## YOUR TASK
From the entries that follow, reproduce exactly and only the lines from the line with "Page size: 1275x1650." to the line with "For every layout", endpoints included.

## MATERIAL FOR THE TASK
━━━━━━━━━━━━━━━━━━━━━━━━━━━━━━

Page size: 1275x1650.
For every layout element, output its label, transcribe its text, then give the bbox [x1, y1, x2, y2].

━━━━━━━━━━━━━━━━━━━━━━━━━━━━━━

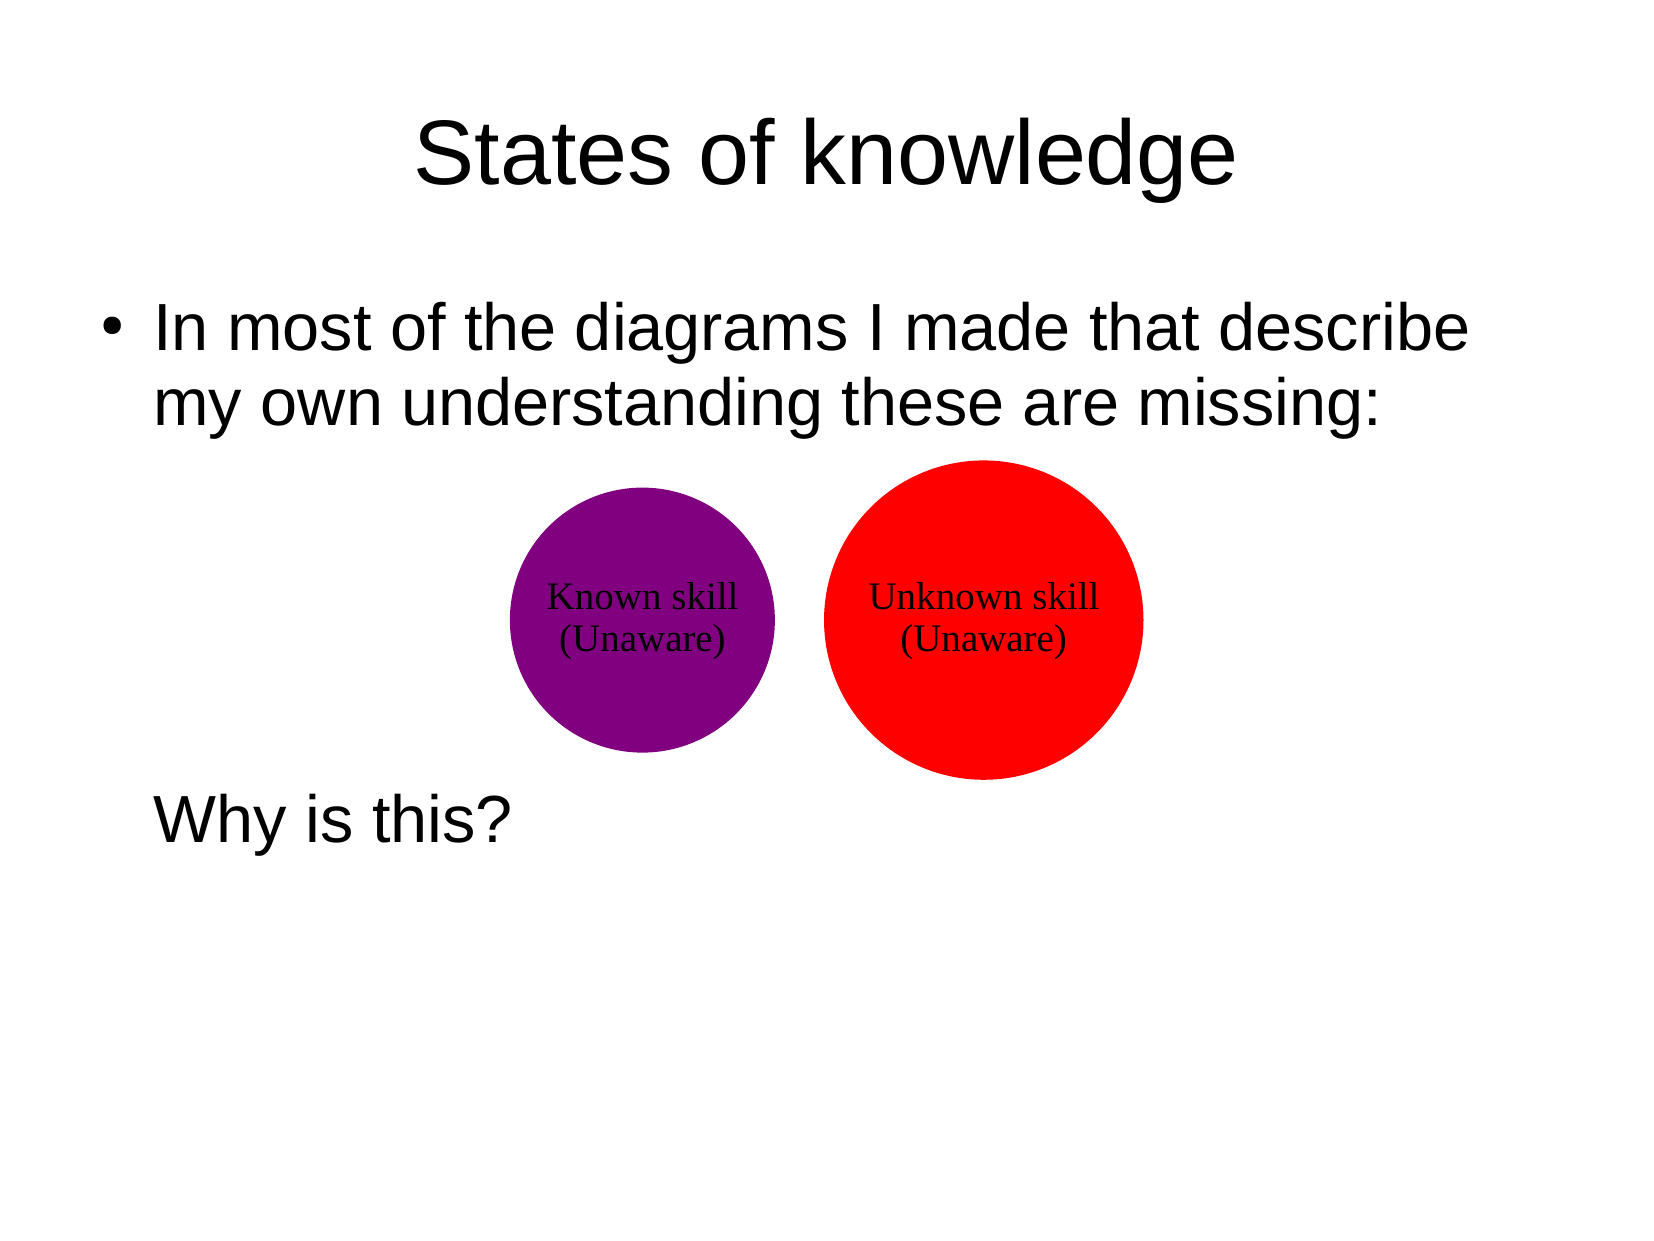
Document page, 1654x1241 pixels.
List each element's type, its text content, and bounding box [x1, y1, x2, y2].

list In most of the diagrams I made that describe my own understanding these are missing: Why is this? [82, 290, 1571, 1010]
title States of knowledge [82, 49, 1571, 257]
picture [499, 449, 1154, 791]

━━━━━━━━━━━━━━━━━━━━━━━━━━━━━━

## SOLUTION FOR THIS TASK
Page size: 1275x1650.
For every layout element, output its label, transcribe its text, then give the bbox [x1, y1, x2, y2].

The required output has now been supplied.